Private Christian university in California, United States

Life Pacific University (LPU) is a private Christian university endorsed by the International Church of the Foursquare Gospel and located in San Dimas, California. LPU serves as the denomination's flagship institution for higher education. It is accredited by the Western Association of Schools and Colleges - Senior College and University Commission (WSCUC) and the Association for Biblical Higher Education (ABHE).

==History==
Life Pacific University was founded in 1923 as Echo Park Evangelistic and Missionary Training Institute by Aimee Semple McPherson in Echo Park, Los Angeles, California. The name was changed to LIFE Bible College (LIFE standing for Lighthouse of International Foursquare Evangelism) in 1926 when it moved into a newly constructed five-story complex next door to Angelus Temple. In 1990 the college relocated to its current home in San Dimas, California. In the early 2000s the name Life Pacific College was adopted and in 2019 the institution was renamed and restructured as Life Pacific University with the College of Arts and Sciences and the College of Theology and Ministry.

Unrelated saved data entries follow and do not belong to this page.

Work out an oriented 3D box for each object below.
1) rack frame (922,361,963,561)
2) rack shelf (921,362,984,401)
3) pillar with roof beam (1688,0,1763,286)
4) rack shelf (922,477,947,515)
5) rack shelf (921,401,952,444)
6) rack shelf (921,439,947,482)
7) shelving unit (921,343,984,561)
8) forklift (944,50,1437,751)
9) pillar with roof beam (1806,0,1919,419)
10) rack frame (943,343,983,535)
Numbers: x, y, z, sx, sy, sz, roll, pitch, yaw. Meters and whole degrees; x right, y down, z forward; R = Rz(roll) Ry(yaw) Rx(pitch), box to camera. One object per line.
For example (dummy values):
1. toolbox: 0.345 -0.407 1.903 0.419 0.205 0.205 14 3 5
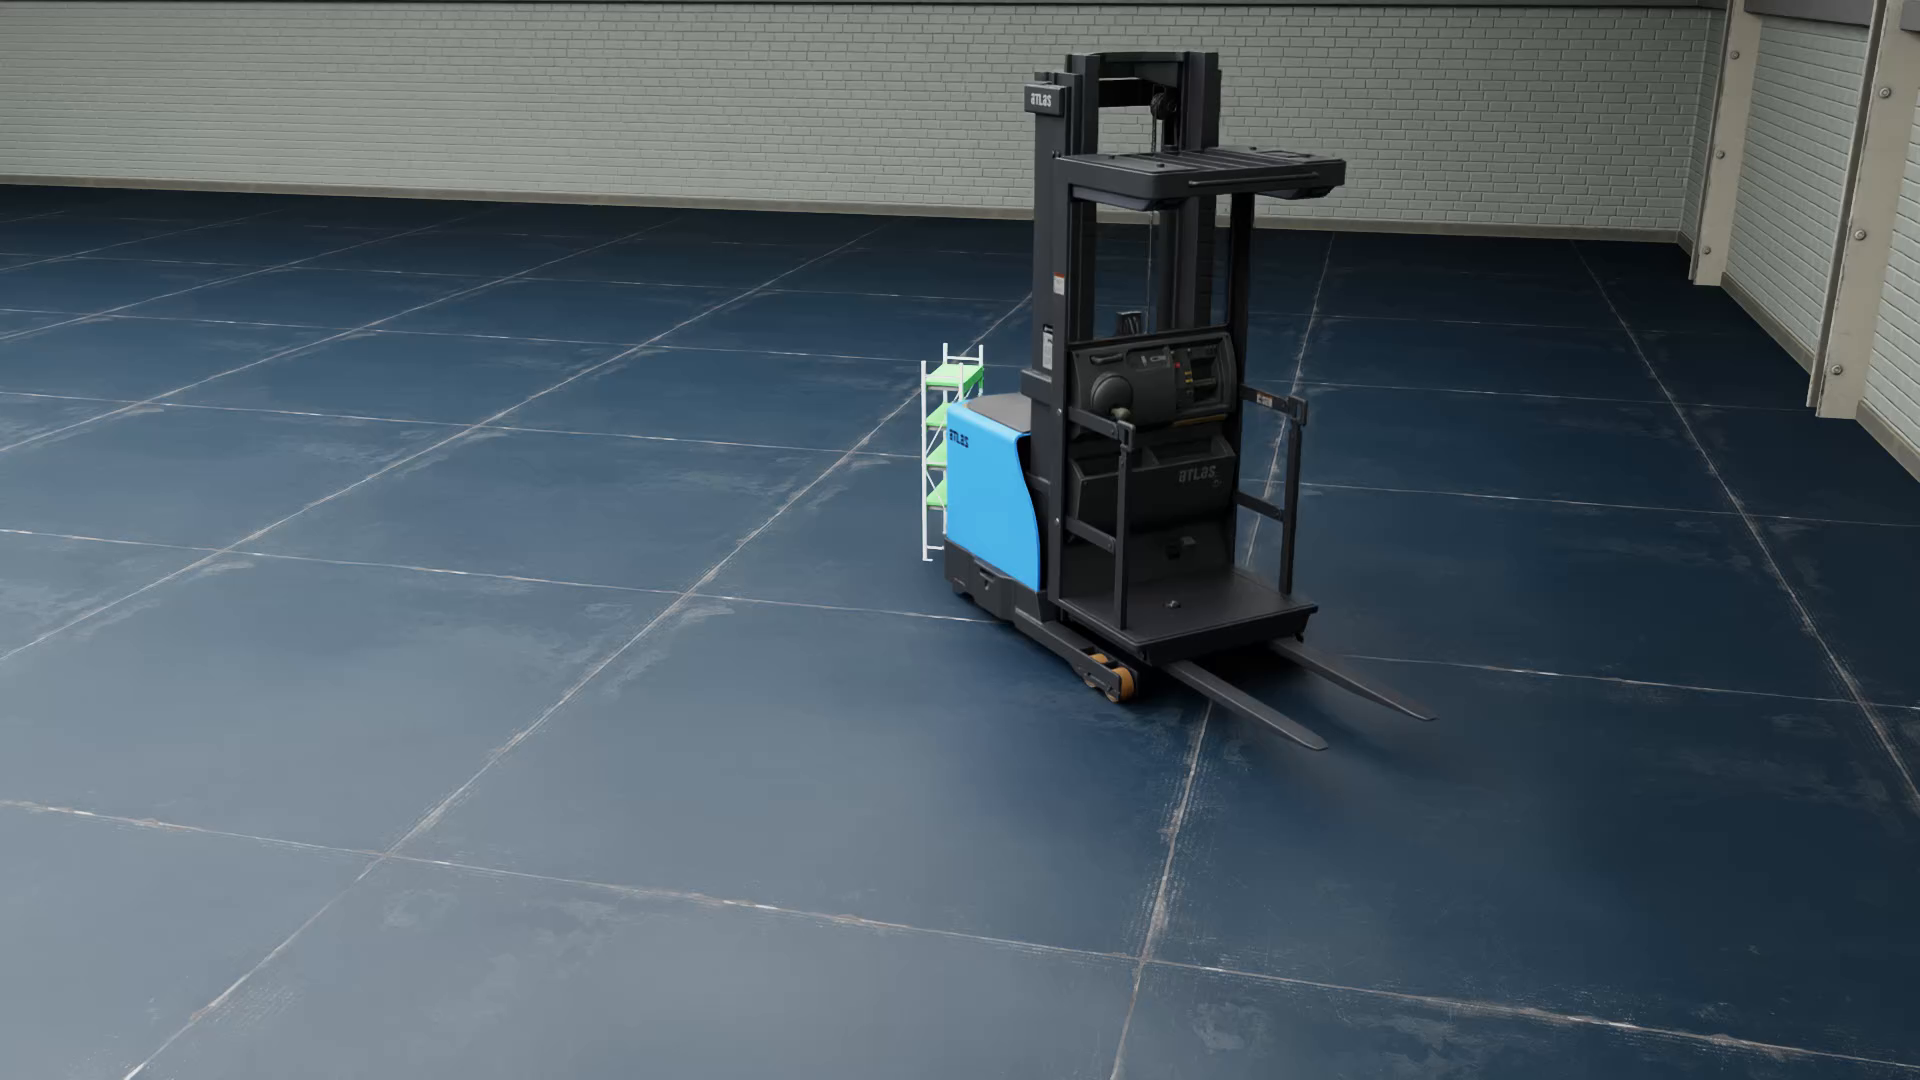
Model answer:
1. rack frame: -0.100 -0.439 9.618 0.240 1.200 0.015 5 19 13
2. rack shelf: -0.040 -0.910 9.707 0.258 0.148 0.480 5 19 13
3. pillar with roof beam: 4.192 -7.491 18.196 9.100 9.000 0.400 5 19 13
4. rack shelf: -0.040 -0.228 9.940 0.258 0.148 0.480 5 19 13
5. rack shelf: -0.040 -0.683 9.785 0.258 0.148 0.480 5 19 13
6. rack shelf: -0.040 -0.455 9.862 0.258 0.148 0.480 5 19 13
7. shelving unit: -0.040 -0.516 9.842 0.258 1.200 0.503 5 19 13
8. forklift: 1.060 -0.780 7.938 1.130 2.935 3.031 -10 21 -27
9. pillar with roof beam: 2.726 -5.610 12.690 9.100 9.000 0.400 5 19 13
10. rack frame: 0.019 -0.592 10.066 0.240 1.200 0.015 5 19 13
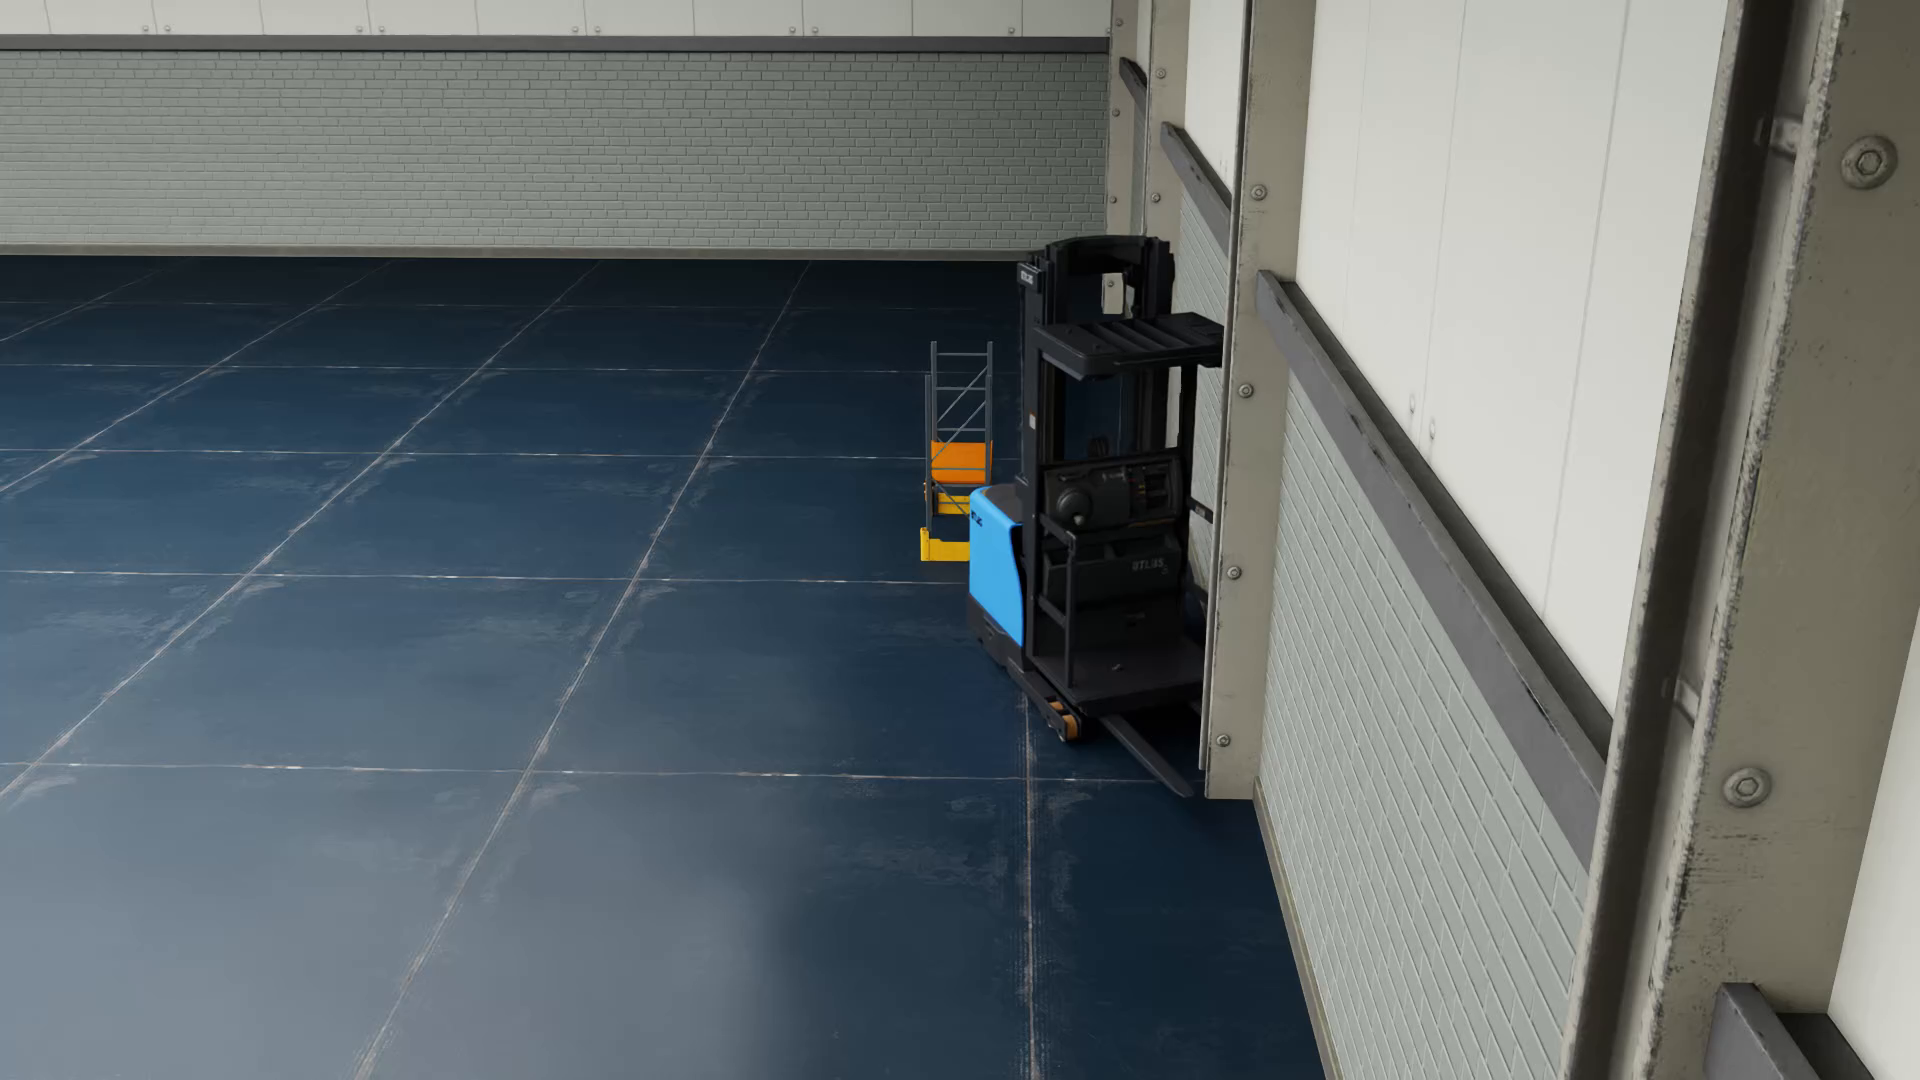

In 1957, in Mount Vernon, Ohio, sister college Mount Vernon Bible College was founded, relocating to Christiansburg, Virginia in the 1980s. The name was changed to LIFE Bible College East in 1988. In 2003 LIFE East closed for financial reasons and its records were transferred to Life Pacific. Life Pacific now operates LPU Virginia as an extension campus at the former LIFE Bible College East property.

In 2019, it became Life Pacific University. It was granted an exception to Title IX in 2017 which allows it to legally discriminate against LGBT students for religious reasons.

== Leadership ==
The institution has had eleven presidents serve since its founding in 1923. They are Aimee Semple McPherson, Rolf K. McPherson, Nathaniel M. Van Cleave, Jack W. Hayford, Jack Hamilton, Ron Mehl, Dick Scott, Dan Stewart, Robert Flores, Jim J. Adams, and the current president, Angie Richey.

== Accreditation and affiliations ==
LPU is accredited by the Association for Biblical Higher Education and the WASC Senior College and University Commission. In 2024, the LPU Seminary was granted associate membership in the Association of Theological Schools (ATS). It is an affiliate member of the Council for Christian Colleges and Universities. LPU also holds membership in the National Association of Independent Colleges and Universities (NAICU), the Association of Independent California Colleges and Universities (AICCU), and many other professional higher education associations and societies.

== Alumni ==
Alumni have played a significant role not only within the Foursquare Church but also within the Assemblies of God, Calvary Chapel, and the Vineyard movement. LPU's graduates include pastors Jack Hayford, Chuck Smith, Ronald D. Mehl, Ralph Moore, Ricky Temple, Jim Tolle, Chad Veach, Irene Poupore, Randy Remington, Andraé Crouch, and the late African American actor, pastor and academic Otis Young.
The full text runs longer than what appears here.